- Lohara لوہارا Location within Punjab, Pakistan Lohara لوہارا Location within Pakistan
- Coordinates: 32°22′19″N 75°02′02″E﻿ / ﻿32.37194°N 75.03389°E
- Country: Pakistan
- Province: Punjab
- District: Narowal
- Tehsil: Zafarwal
- Elevation: 236 m (774 ft)
- Time zone: UTC+5 (PST)

= Lohara, Punjab =

Village in Punjab, Pakistan

Lohara is a village in Zafarwal Tehsil, Narowal District of Punjab province of Pakistan. It is in the Basantar River Valley, west of the river on the Darmaan-Shakargarh Road from Shakargarh to Zafarwal. Lohara is located northeast of Zafarwal, one kilometre east of the village of Hamral and 3.5 km west of the village of Nahr.

==History==

The area around Lohara was incorporated within the Durrani Empire about 1747. It was briefly part of the Maratha Empire from 1758 to 1761, when it was retaken by the Durrani.
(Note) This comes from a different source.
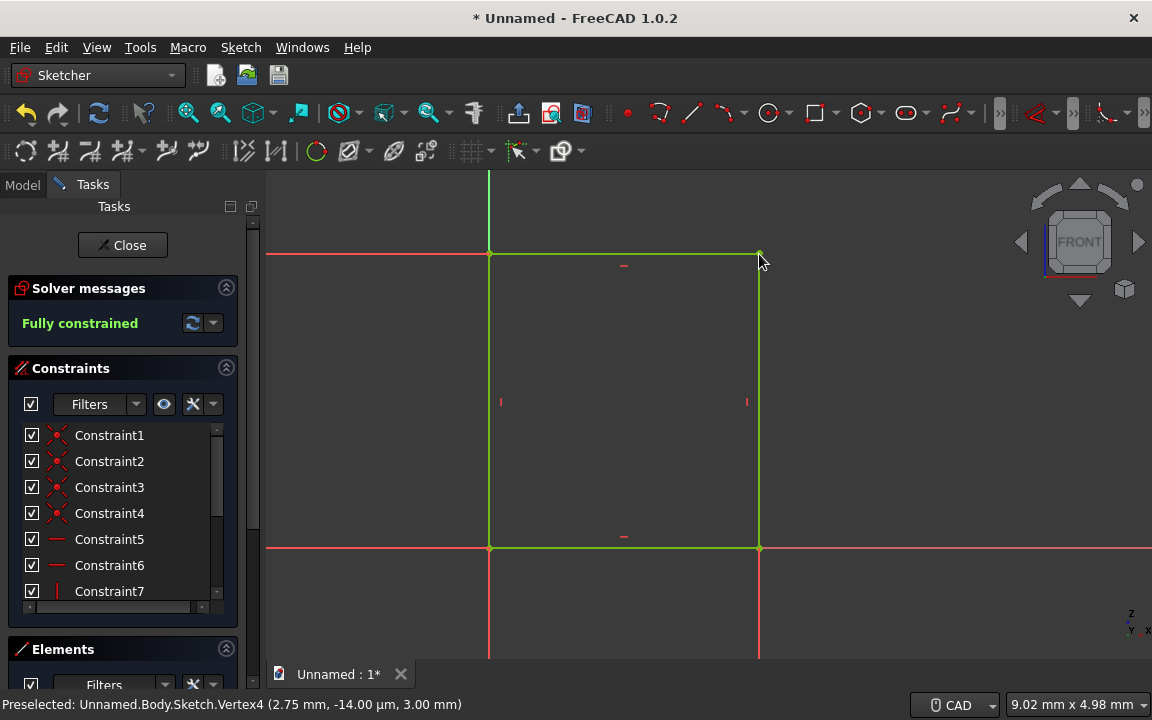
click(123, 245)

In 1798, it was transferred to Ranjit Singh of Kashmir, along with what was to become the Narowal District and other lands, by Zaman Shah Durrani as a gift after Singh had defeated Durrani's army and conquered the area. In 1821, Ranjit Singh gave administration of the Shakargarh area to Amir Singh Sandhanwalia as a jagir. When the British took over Punjab in 1848, the area was included into Gurdaspur District. In 1947, under the Radcliffe Award after the partition of India, the area was transferred to Pakistan and attached to Sialkot District. It was transferred as part of Narowal tehsil into the new Narowal District in 1991. Zafarwal tehsil was created in 2009.
Lohara has been a union council since the 2016 local bodies election.